(Beginning of Input data)

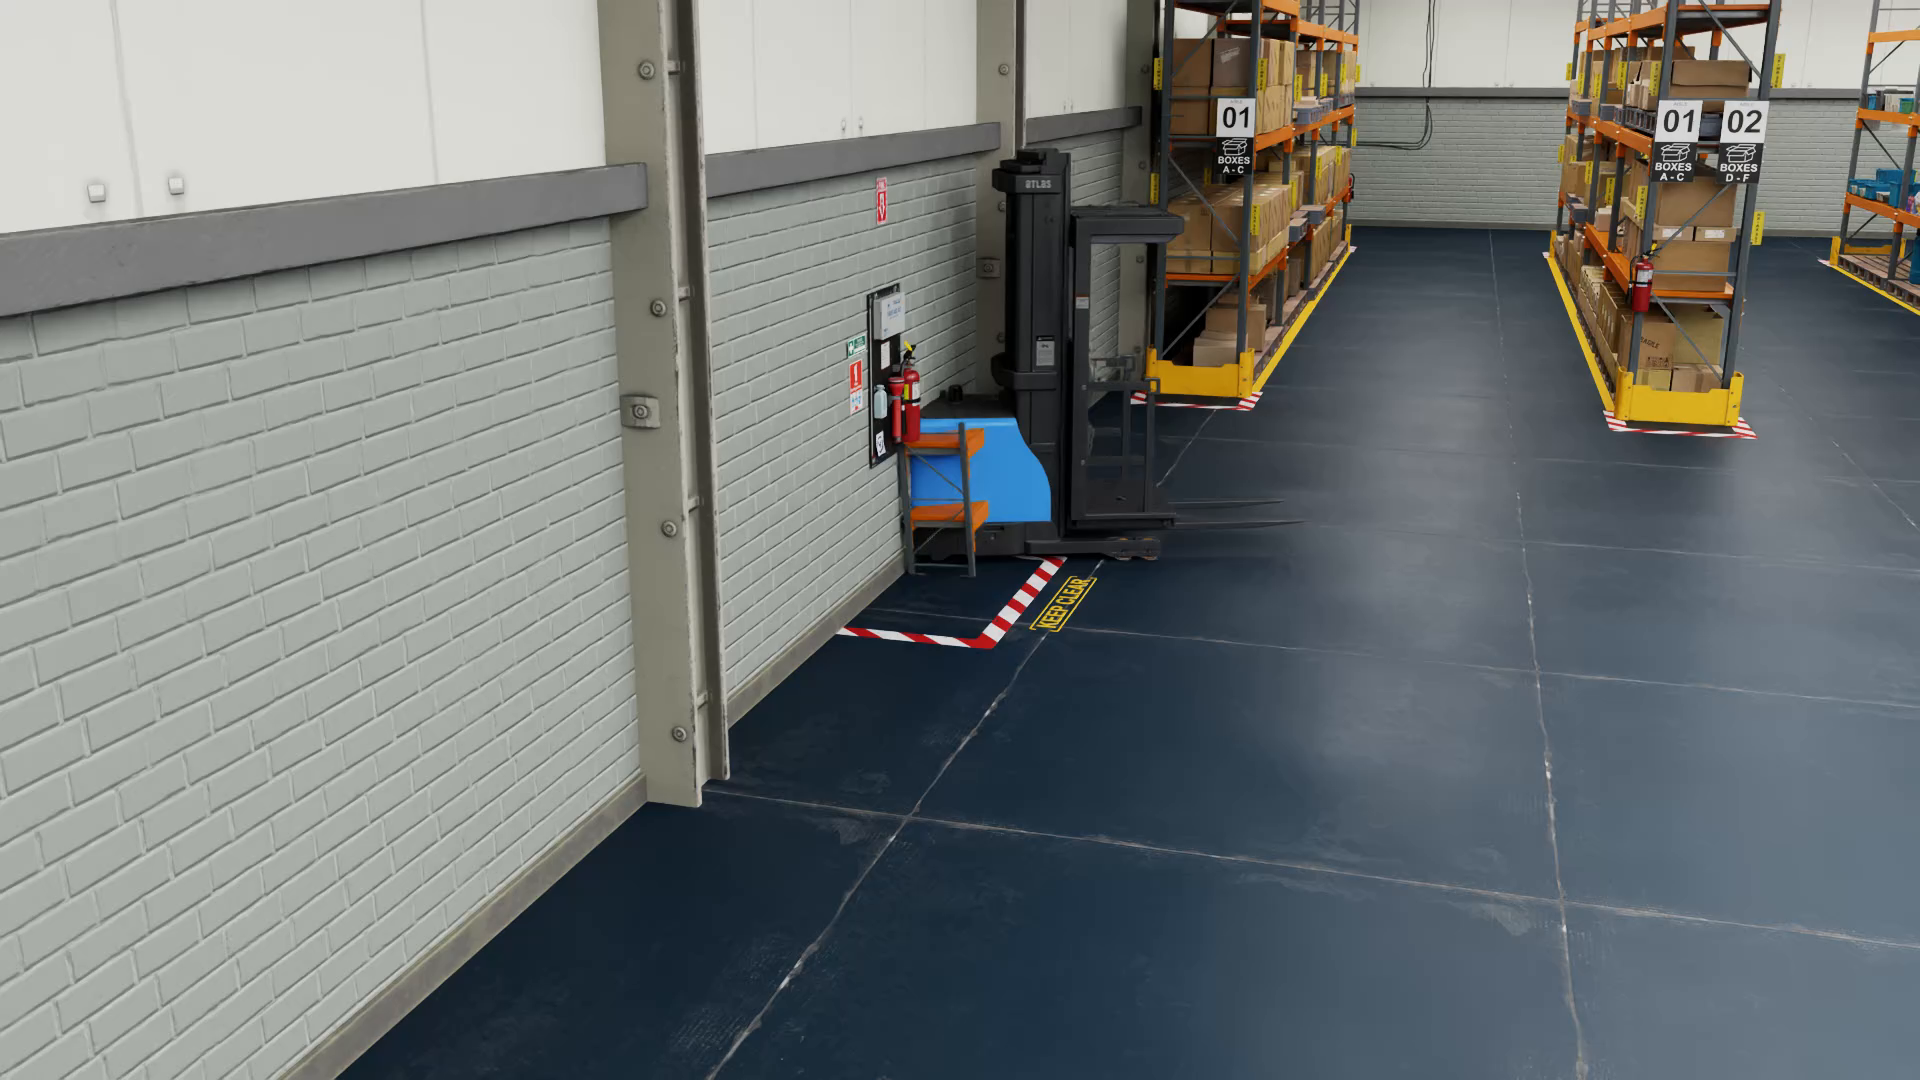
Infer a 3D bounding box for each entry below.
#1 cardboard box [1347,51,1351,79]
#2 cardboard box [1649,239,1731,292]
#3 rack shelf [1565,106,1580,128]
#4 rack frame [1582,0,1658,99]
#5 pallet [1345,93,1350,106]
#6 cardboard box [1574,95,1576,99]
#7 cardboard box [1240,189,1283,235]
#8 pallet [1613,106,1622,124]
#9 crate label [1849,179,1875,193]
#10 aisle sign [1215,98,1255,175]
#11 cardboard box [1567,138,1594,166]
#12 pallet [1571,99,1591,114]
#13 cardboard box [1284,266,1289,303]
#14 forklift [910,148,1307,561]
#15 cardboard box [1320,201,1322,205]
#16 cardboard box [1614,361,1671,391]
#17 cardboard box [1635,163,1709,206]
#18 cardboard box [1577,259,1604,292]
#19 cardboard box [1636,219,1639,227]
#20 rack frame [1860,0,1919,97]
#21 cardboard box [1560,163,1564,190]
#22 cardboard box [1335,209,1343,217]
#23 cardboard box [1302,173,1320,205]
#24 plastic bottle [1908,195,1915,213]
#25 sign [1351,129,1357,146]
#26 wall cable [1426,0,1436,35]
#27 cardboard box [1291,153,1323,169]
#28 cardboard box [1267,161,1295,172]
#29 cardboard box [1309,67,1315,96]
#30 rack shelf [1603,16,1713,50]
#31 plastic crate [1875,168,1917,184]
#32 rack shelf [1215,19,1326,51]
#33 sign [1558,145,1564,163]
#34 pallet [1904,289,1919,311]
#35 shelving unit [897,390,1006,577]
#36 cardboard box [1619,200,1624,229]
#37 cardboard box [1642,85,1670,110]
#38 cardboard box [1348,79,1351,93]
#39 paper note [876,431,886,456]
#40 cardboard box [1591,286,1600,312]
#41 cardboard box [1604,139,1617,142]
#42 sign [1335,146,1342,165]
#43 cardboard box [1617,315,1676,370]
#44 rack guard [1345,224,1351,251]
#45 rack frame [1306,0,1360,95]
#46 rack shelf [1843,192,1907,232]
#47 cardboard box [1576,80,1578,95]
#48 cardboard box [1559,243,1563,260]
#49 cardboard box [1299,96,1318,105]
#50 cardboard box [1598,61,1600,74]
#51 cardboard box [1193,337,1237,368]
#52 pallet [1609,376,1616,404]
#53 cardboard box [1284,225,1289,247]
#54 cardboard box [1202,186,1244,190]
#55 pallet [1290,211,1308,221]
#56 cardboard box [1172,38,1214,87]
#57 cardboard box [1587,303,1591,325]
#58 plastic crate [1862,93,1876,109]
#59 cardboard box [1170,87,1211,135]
[{"bbox_3d":[6.814,-8.629,30.207,0.500,0.500,0.500,5,17,16],"label":"cardboard box"},{"bbox_3d":[7.552,-2.865,17.249,0.700,0.500,0.500,5,16,16],"label":"cardboard box"},{"bbox_3d":[11.386,-7.455,29.438,1.077,0.370,4.000,5,16,16],"label":"rack shelf"},{"bbox_3d":[10.818,-8.721,27.086,1.000,3.000,0.127,5,16,16],"label":"rack frame"},{"bbox_3d":[6.658,-8.150,30.731,1.003,0.211,1.213,5,16,16],"label":"pallet"},{"bbox_3d":[11.134,-7.746,29.418,0.500,0.250,0.500,5,16,16],"label":"cardboard box"},{"bbox_3d":[3.666,-4.014,20.347,0.500,0.500,0.500,4,16,14],"label":"cardboard box"},{"bbox_3d":[9.259,-5.663,22.148,1.003,0.211,1.213,5,17,18],"label":"pallet"},{"bbox_3d":[16.317,-6.406,30.113,0.416,0.233,0.303,5,16,16],"label":"crate label"},{"bbox_3d":[2.924,-4.287,17.683,0.394,0.787,0.004,5,16,16],"label":"aisle sign"},{"bbox_3d":[11.144,-6.914,29.693,0.500,0.500,0.500,4,16,15],"label":"cardboard box"},{"bbox_3d":[10.565,-7.022,26.938,1.213,0.211,1.003,5,16,16],"label":"pallet"},{"bbox_3d":[4.404,-3.730,24.259,0.700,0.500,0.500,5,16,16],"label":"cardboard box"},{"bbox_3d":[1.077,-1.398,12.388,3.031,2.935,1.130,-1,16,-4],"label":"forklift"},{"bbox_3d":[5.839,-5.668,27.738,0.380,0.149,0.250,4,16,14],"label":"cardboard box"},{"bbox_3d":[7.277,-1.738,17.729,0.500,0.250,0.500,5,16,16],"label":"cardboard box"},{"bbox_3d":[8.139,-4.034,18.995,0.700,0.500,0.500,5,16,16],"label":"cardboard box"},{"bbox_3d":[9.722,-4.060,25.423,0.500,0.500,0.500,5,17,18],"label":"cardboard box"},{"bbox_3d":[7.772,-3.576,18.569,0.380,0.149,0.250,4,16,15],"label":"cardboard box"},{"bbox_3d":[16.702,-9.383,29.418,1.000,3.000,0.127,5,16,16],"label":"rack frame"},{"bbox_3d":[11.575,-6.834,31.243,0.500,0.500,0.500,5,17,17],"label":"cardboard box"},{"bbox_3d":[7.239,-6.338,32.299,0.380,0.149,0.250,4,16,15],"label":"cardboard box"},{"bbox_3d":[5.314,-5.480,25.887,0.500,0.500,0.500,5,17,18],"label":"cardboard box"},{"bbox_3d":[15.015,-5.296,26.218,0.061,0.283,0.133,5,16,16],"label":"plastic bottle"},{"bbox_3d":[7.720,-7.890,32.593,0.100,0.325,0.005,5,16,16],"label":"sign"},{"bbox_3d":[11.748,-12.329,36.240,3.097,2.526,0.112,5,16,16],"label":"wall cable"},{"bbox_3d":[5.459,-5.973,26.251,0.500,0.250,0.500,4,16,15],"label":"cardboard box"},{"bbox_3d":[4.784,-5.566,24.776,0.380,0.149,0.250,2,16,7],"label":"cardboard box"},{"bbox_3d":[5.283,-7.292,26.556,0.700,0.500,0.500,6,17,19],"label":"cardboard box"},{"bbox_3d":[9.113,-6.613,21.704,1.077,0.370,4.000,5,16,16],"label":"rack shelf"},{"bbox_3d":[16.786,-6.440,29.863,0.616,0.435,0.499,5,16,16],"label":"plastic crate"},{"bbox_3d":[4.362,-6.996,23.055,1.077,0.370,4.000,5,16,16],"label":"rack shelf"},{"bbox_3d":[11.434,-7.340,31.624,0.100,0.325,0.005,5,16,16],"label":"sign"},{"bbox_3d":[14.962,-3.590,25.098,1.003,0.211,1.213,5,16,16],"label":"pallet"},{"bbox_3d":[-0.017,-0.436,12.205,0.538,1.125,1.048,2,18,18],"label":"shelving unit"},{"bbox_3d":[9.070,-4.259,22.163,0.500,0.500,0.500,5,16,16],"label":"cardboard box"},{"bbox_3d":[7.482,-4.658,17.505,0.500,0.250,0.500,5,16,16],"label":"cardboard box"},{"bbox_3d":[6.960,-8.401,30.775,0.500,0.250,0.500,4,16,14],"label":"cardboard box"},{"bbox_3d":[-0.534,-0.651,11.241,0.016,0.148,0.142,5,16,16],"label":"paper note"},{"bbox_3d":[8.526,-3.156,21.700,0.500,0.311,0.500,5,17,17],"label":"cardboard box"},{"bbox_3d":[11.514,-6.735,29.062,0.500,0.500,0.500,4,16,14],"label":"cardboard box"},{"bbox_3d":[6.590,-6.698,28.969,0.100,0.325,0.005,5,16,16],"label":"sign"},{"bbox_3d":[7.275,-2.099,17.627,0.500,0.500,0.500,5,16,16],"label":"cardboard box"},{"bbox_3d":[7.211,-6.068,33.308,1.175,0.500,0.348,5,16,16],"label":"rack guard"},{"bbox_3d":[7.204,-10.151,32.126,1.000,3.000,0.127,5,16,16],"label":"rack frame"},{"bbox_3d":[16.134,-5.627,28.490,1.077,0.370,4.000,5,16,16],"label":"rack shelf"},{"bbox_3d":[10.985,-7.856,28.891,0.500,0.250,0.500,5,16,16],"label":"cardboard box"},{"bbox_3d":[10.921,-5.120,29.506,0.500,0.311,0.500,5,16,16],"label":"cardboard box"},{"bbox_3d":[4.985,-6.372,24.428,0.500,0.311,0.500,5,16,16],"label":"cardboard box"},{"bbox_3d":[10.436,-7.274,26.343,0.600,0.600,0.600,4,16,15],"label":"cardboard box"},{"bbox_3d":[2.940,-2.171,19.107,0.500,0.311,0.500,3,16,10],"label":"cardboard box"},{"bbox_3d":[7.585,-1.557,17.933,1.003,0.211,1.213,5,16,16],"label":"pallet"},{"bbox_3d":[3.950,-3.915,21.374,0.500,0.250,0.500,5,16,16],"label":"cardboard box"},{"bbox_3d":[3.309,-4.182,20.939,0.500,0.500,0.500,5,16,16],"label":"cardboard box"},{"bbox_3d":[4.407,-4.558,23.755,1.003,0.211,1.213,5,16,16],"label":"pallet"},{"bbox_3d":[2.529,-5.194,18.094,0.500,0.500,0.500,5,17,18],"label":"cardboard box"},{"bbox_3d":[8.675,-3.018,22.243,0.500,0.250,0.500,5,17,17],"label":"cardboard box"},{"bbox_3d":[16.326,-7.797,29.566,0.497,0.269,0.590,5,16,16],"label":"plastic crate"},{"bbox_3d":[2.533,-4.708,18.215,0.500,0.500,0.500,6,17,20],"label":"cardboard box"}]

(End of Input data)

**Exercise prompt**
Copy exactly what appears in the entries, beginning with the first line and ending with the line that has "#24 plastic bottle [1908,195,1915,213]", but not the pictures.

**Response to the task**
Infer a 3D bounding box for each entry below.
#1 cardboard box [1347,51,1351,79]
#2 cardboard box [1649,239,1731,292]
#3 rack shelf [1565,106,1580,128]
#4 rack frame [1582,0,1658,99]
#5 pallet [1345,93,1350,106]
#6 cardboard box [1574,95,1576,99]
#7 cardboard box [1240,189,1283,235]
#8 pallet [1613,106,1622,124]
#9 crate label [1849,179,1875,193]
#10 aisle sign [1215,98,1255,175]
#11 cardboard box [1567,138,1594,166]
#12 pallet [1571,99,1591,114]
#13 cardboard box [1284,266,1289,303]
#14 forklift [910,148,1307,561]
#15 cardboard box [1320,201,1322,205]
#16 cardboard box [1614,361,1671,391]
#17 cardboard box [1635,163,1709,206]
#18 cardboard box [1577,259,1604,292]
#19 cardboard box [1636,219,1639,227]
#20 rack frame [1860,0,1919,97]
#21 cardboard box [1560,163,1564,190]
#22 cardboard box [1335,209,1343,217]
#23 cardboard box [1302,173,1320,205]
#24 plastic bottle [1908,195,1915,213]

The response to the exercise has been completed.